[Records from a collection]
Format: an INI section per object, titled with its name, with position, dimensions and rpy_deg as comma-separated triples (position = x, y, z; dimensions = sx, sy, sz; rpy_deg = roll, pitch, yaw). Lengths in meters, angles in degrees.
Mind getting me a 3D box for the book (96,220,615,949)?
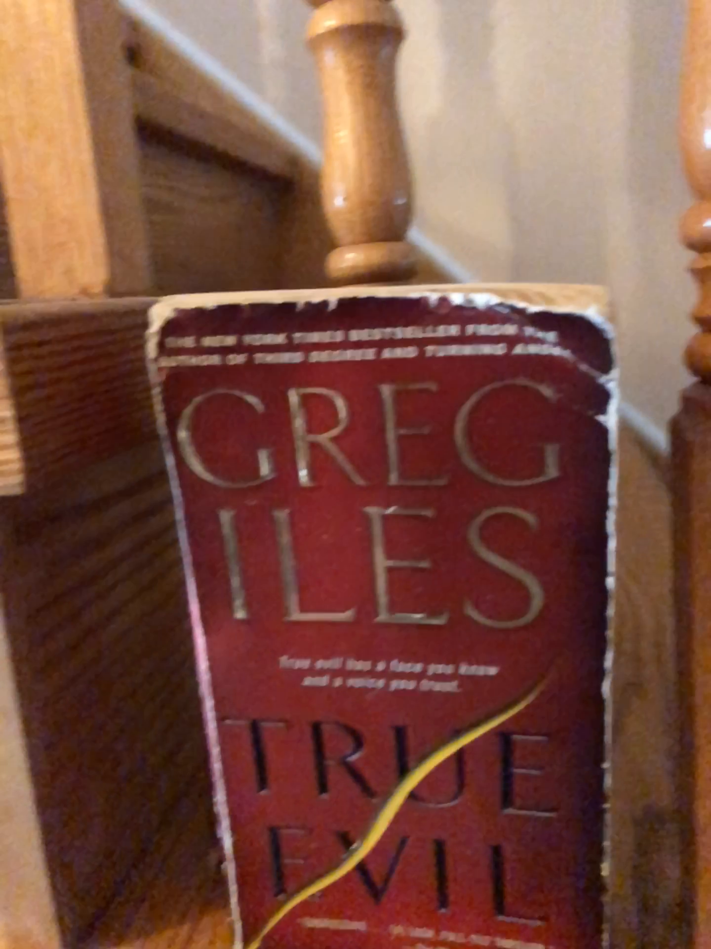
[book]
position = 0.010, 0.039, 0.237
dimensions = 0.120, 0.205, 0.068
rpy_deg = -2, 12, 13
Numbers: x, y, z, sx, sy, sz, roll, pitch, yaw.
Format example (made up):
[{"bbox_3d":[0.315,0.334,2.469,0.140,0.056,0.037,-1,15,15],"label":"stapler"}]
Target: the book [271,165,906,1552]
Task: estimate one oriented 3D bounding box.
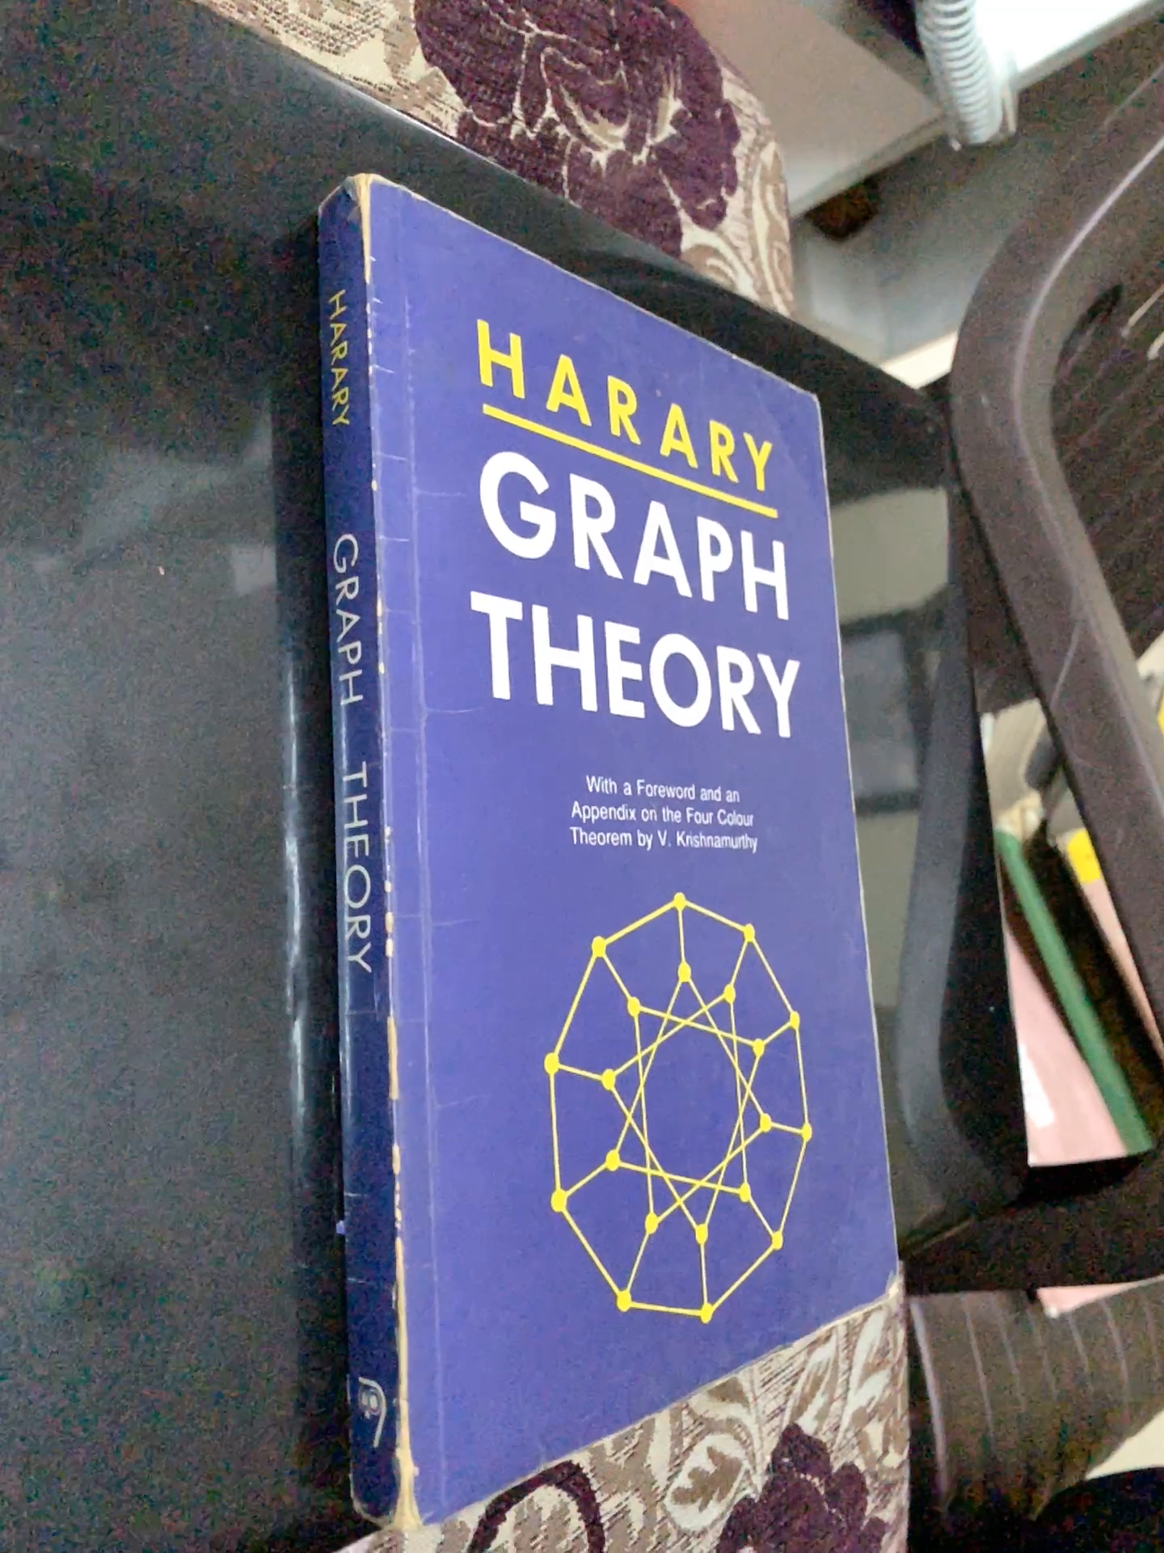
[{"bbox_3d":[0.009,0.009,0.232,0.141,0.020,0.200,5,78,-46],"label":"book"}]

* **Problem**: Would you set down the entries exactly as given, minus their pictures?

* **Result of this task**:
Format: an INI section per object, titled with its name, with position, dimensions and rpy_deg as comma-separated triples (position = x, y, z; dimensions = sx, sy, sz; rpy_deg = roll, pitch, yaw). Lengths in meters, angles in degrees.
Mind getting me a 3D box for the book (96,220,615,949)?
[book]
position = 0.010, 0.039, 0.237
dimensions = 0.120, 0.205, 0.068
rpy_deg = -2, 12, 13
Numbers: x, y, z, sx, sy, sz, roll, pitch, yaw.
Format example (made up):
[{"bbox_3d":[0.315,0.334,2.469,0.140,0.056,0.037,-1,15,15],"label":"stapler"}]
Target: the book [271,165,906,1552]
Task: estimate one oriented 3D bounding box.
[{"bbox_3d":[0.009,0.009,0.232,0.141,0.020,0.200,5,78,-46],"label":"book"}]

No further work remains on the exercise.